Another lingering misconception is that sex-linked diseases occur only in males. This is untrue but it is easy to understand the source of the misunderstanding. For years it was thought that hemophilia (a disease characterized by uncontrolled bleeding) did not occur in females. The observation seemed reasonable since there were no reported cases of the disease among females. While it was true that there were no females with the disease, the reasoning was incorrect. For a female to suffer from hemophilia, she would require a defective recessive gene on both of her X chromosomes, meaning her mother was carrying the gene and the disease affected her father. Since most persons with hemophilia died young, few lived to produce offspring. In other words, female hemophiliacs were rare because the pairings that might produce them were infrequent. During the 1950s the first cases of hemophilia in females were documented, and the theory was discarded.

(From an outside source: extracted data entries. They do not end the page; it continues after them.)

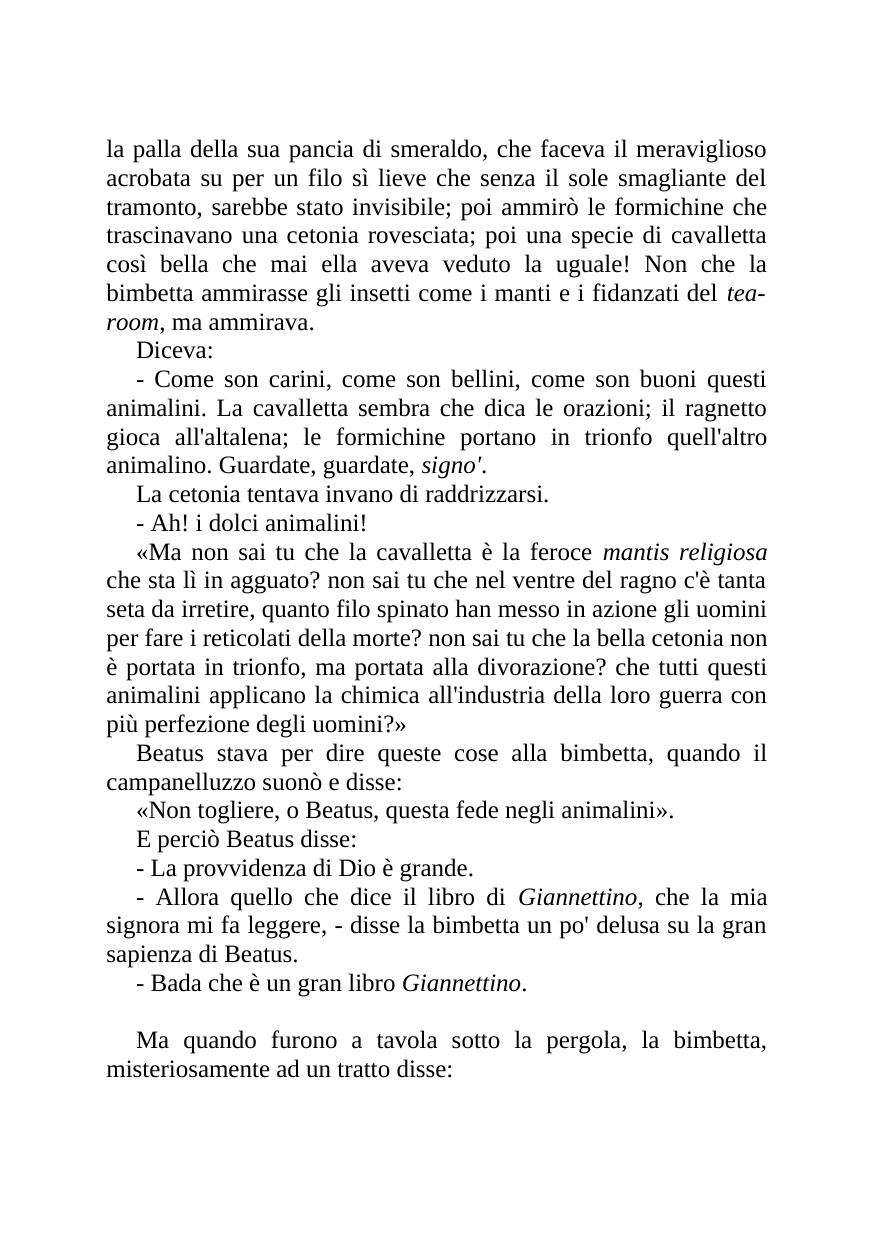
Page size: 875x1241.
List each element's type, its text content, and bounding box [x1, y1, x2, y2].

text «Non togliere, o Beatus, questa fede negli animalini». [106, 796, 768, 824]
text «Ma non sai tu che la cavalletta è la feroce mantis religiosa che sta lì in agguato? non sai tu che nel ventre del ragno c'è tanta seta da irretire, quanto filo spinato han messo in azione gli uomini per fare i reticolati della morte? non sai tu che la bella cetonia non è portata in trionfo, ma portata alla divorazione? che tutti questi animalini applicano la chimica all'industria della loro guerra con più perfezione degli uomini?» [106, 537, 768, 738]
text Beatus stava per dire queste cose alla bimbetta, quando il campanelluzzo suonò e disse: [106, 738, 768, 796]
text Ma quando furono a tavola sotto la pergola, la bimbetta, misteriosamente ad un tratto disse: [106, 1026, 768, 1083]
text La cetonia tentava invano di raddrizzarsi. [106, 479, 768, 508]
text E perciò Beatus disse: [106, 824, 768, 853]
text - Ah! i dolci animalini! [106, 508, 768, 537]
text Diceva: [106, 336, 768, 364]
text la palla della sua pancia di smeraldo, che faceva il meraviglioso acrobata su per un filo sì lieve che senza il sole smagliante del tramonto, sarebbe stato invisibile; poi ammirò le formichine che trascinavano una cetonia rovesciata; poi una specie di cavalletta così bella che mai ella aveva veduto la uguale! Non che la bimbetta ammirasse gli insetti come i manti e i fidanzati del tea-room, ma ammirava. [106, 134, 768, 336]
text - Allora quello che dice il libro di Giannettino, che la mia signora mi fa leggere, - disse la bimbetta un po' delusa su la gran sapienza di Beatus. [106, 882, 768, 968]
text - Bada che è un gran libro Giannettino. [106, 968, 768, 997]
text - La provvidenza di Dio è grande. [106, 853, 768, 882]
text - Come son carini, come son bellini, come son buoni questi animalini. La cavalletta sembra che dica le orazioni; il ragnetto gioca all'altalena; le formichine portano in trionfo quell'altro animalino. Guardate, guardate, signo'. [106, 364, 768, 479]
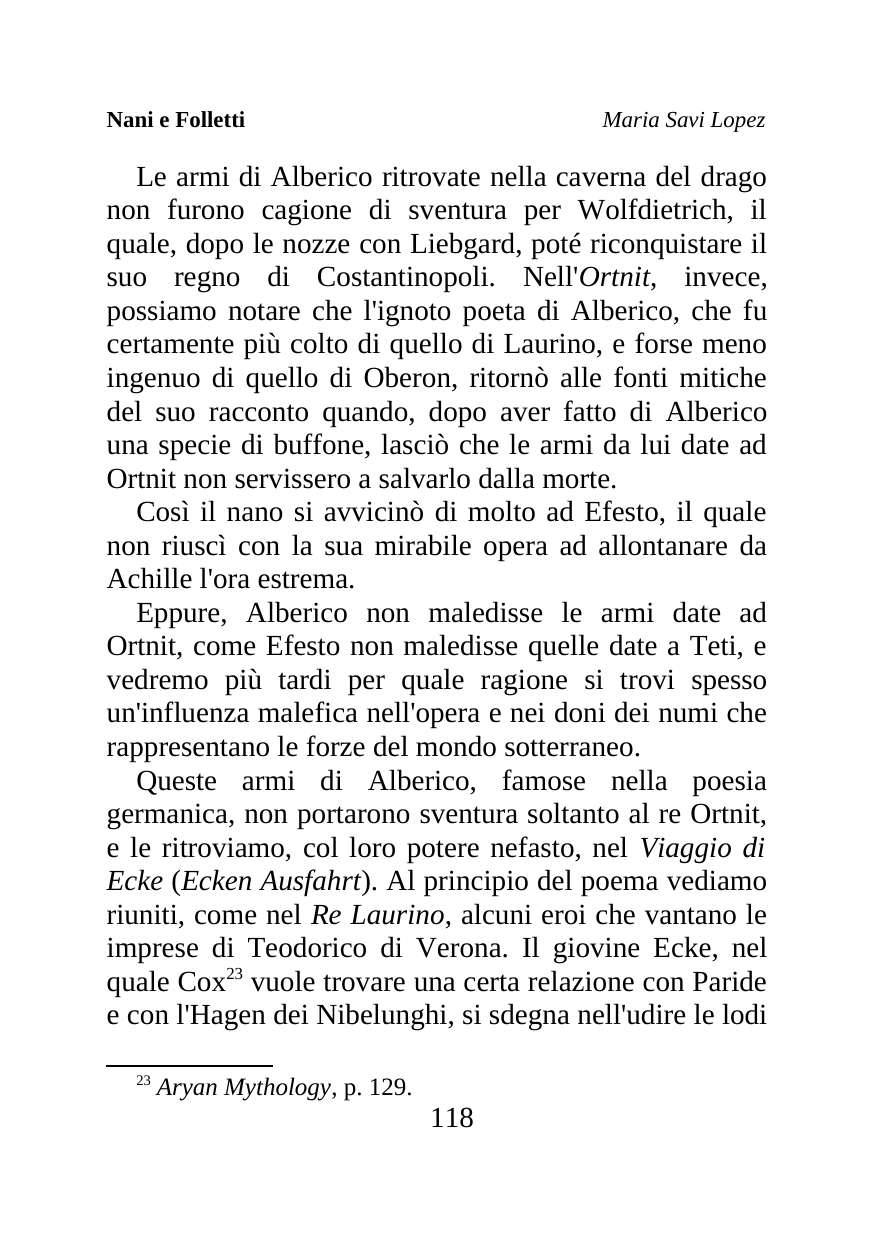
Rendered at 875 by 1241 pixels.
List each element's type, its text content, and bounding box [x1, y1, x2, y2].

text Aryan Mythology, p. 129. [106, 1072, 768, 1100]
text Eppure, Alberico non maledisse le armi date ad Ortnit, come Efesto non maledisse quelle date a Teti, e vedremo più tardi per quale ragione si trovi spesso un'influenza malefica nell'opera e nei doni dei numi che rappresentano le forze del mondo sotterraneo. [106, 595, 768, 763]
text Le armi di Alberico ritrovate nella caverna del drago non furono cagione di sventura per Wolfdietrich, il quale, dopo le nozze con Liebgard, poté riconquistare il suo regno di Costantinopoli. Nell'Ortnit, invece, possiamo notare che l'ignoto poeta di Alberico, che fu certamente più colto di quello di Laurino, e forse meno ingenuo di quello di Oberon, ritornò alle fonti mitiche del suo racconto quando, dopo aver fatto di Alberico una specie di buffone, lasciò che le armi da lui date ad Ortnit non servissero a salvarlo dalla morte. [106, 159, 768, 494]
text Queste armi di Alberico, famose nella poesia germanica, non portarono sventura soltanto al re Ortnit, e le ritroviamo, col loro potere nefasto, nel Viaggio di Ecke (Ecken Ausfahrt). Al principio del poema vediamo riuniti, come nel Re Laurino, alcuni eroi che vantano le imprese di Teodorico di Verona. Il giovine Ecke, nel quale Cox vuole trovare una certa relazione con Paride e con l'Hagen dei Nibelunghi, si sdegna nell'udire le lodi [106, 763, 768, 1031]
text Così il nano si avvicinò di molto ad Efesto, il quale non riuscì con la sua mirabile opera ad allontanare da Achille l'ora estrema. [106, 494, 768, 595]
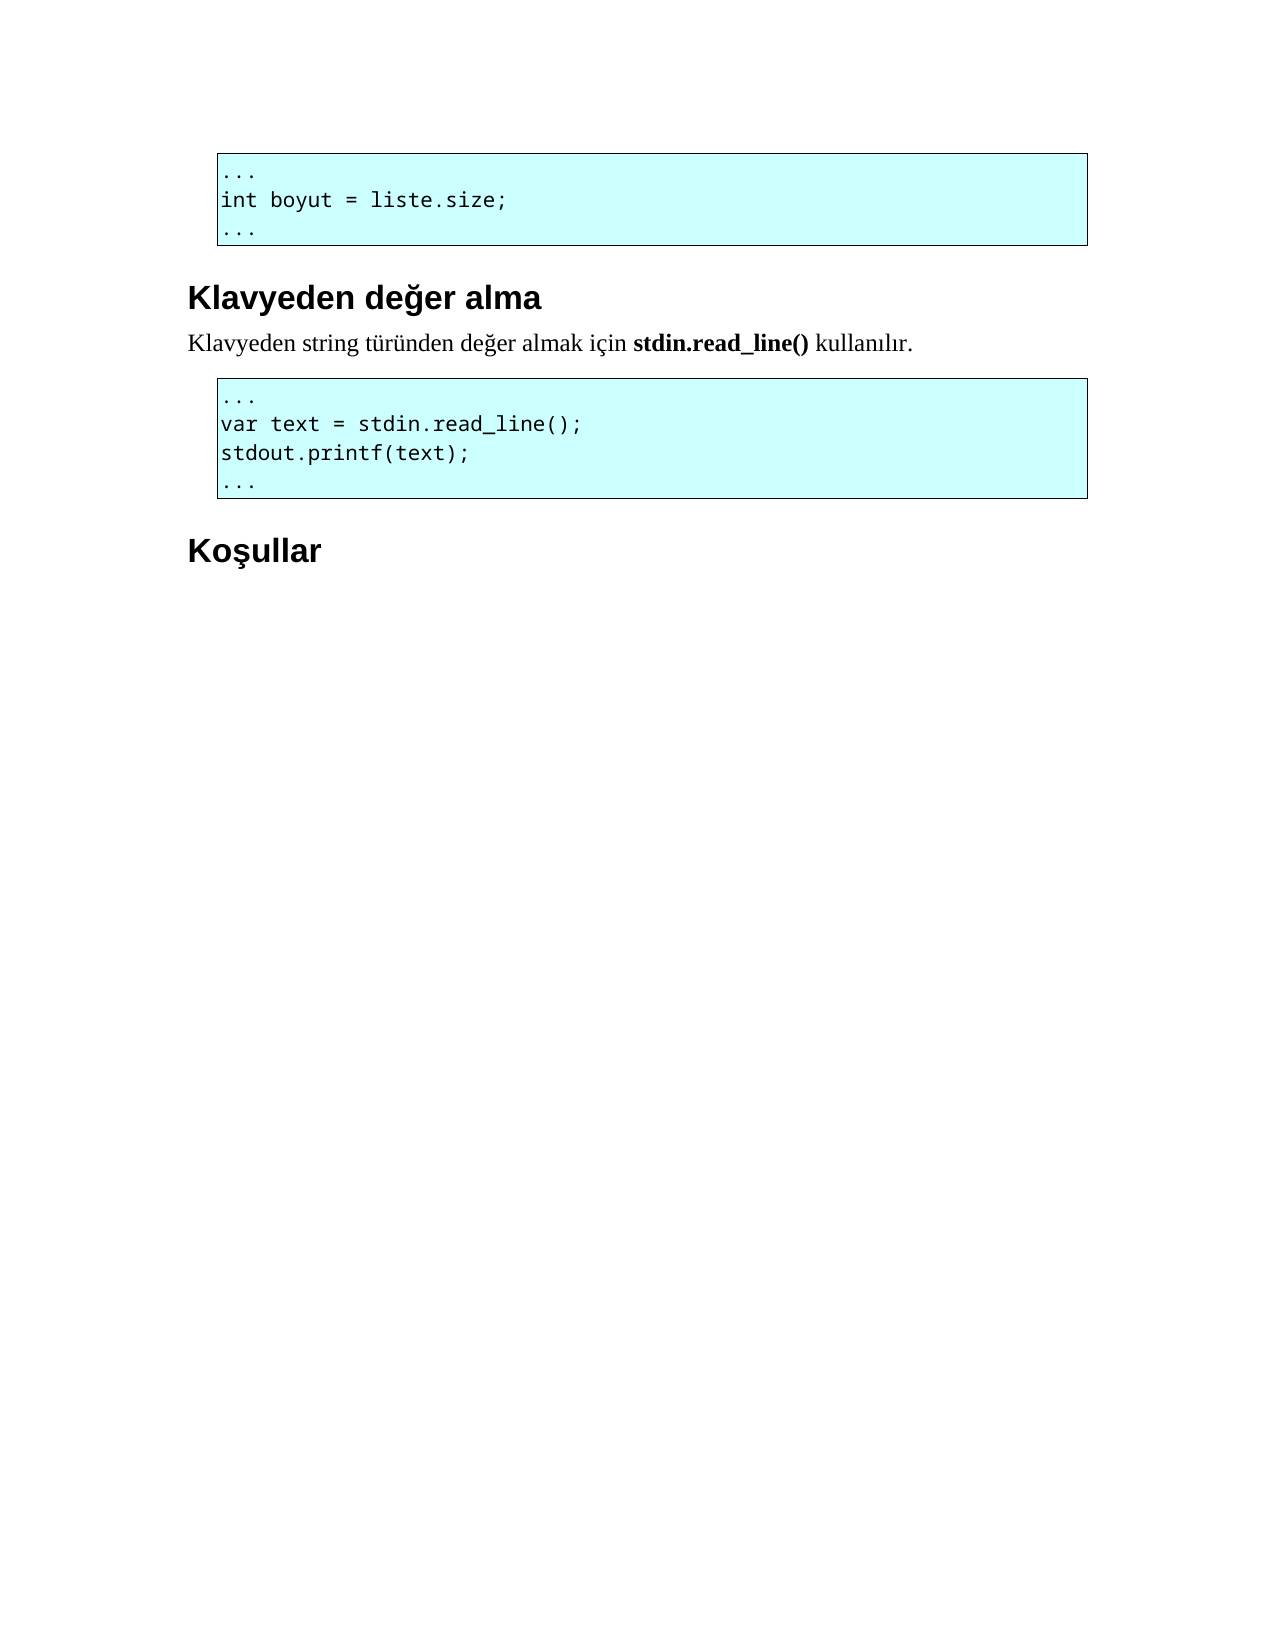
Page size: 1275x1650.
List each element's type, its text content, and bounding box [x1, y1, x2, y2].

text ... int boyut = liste.size; ... [218, 154, 1087, 245]
text Klavyeden string türünden değer almak için stdin.read_line() kullanılır. [187, 329, 1087, 356]
subtitle Koşullar [187, 532, 1087, 569]
text ... var text = stdin.read_line(); stdout.printf(text); ... [218, 379, 1087, 498]
subtitle Klavyeden değer alma [187, 279, 1087, 316]

Finally, the idea that humans are entirely unique in their genetic makeup is false. In fact, human beings share much of their genetic composition with other organisms in the natural world. Furthermore, most human genetic variation is relatively insignificant. Even variations that alter the sequence of amino acids in a protein often produce no discernable influence on the action of the protein. Differences in portions of DNA with as yet unknown functions appear to have no impact at all.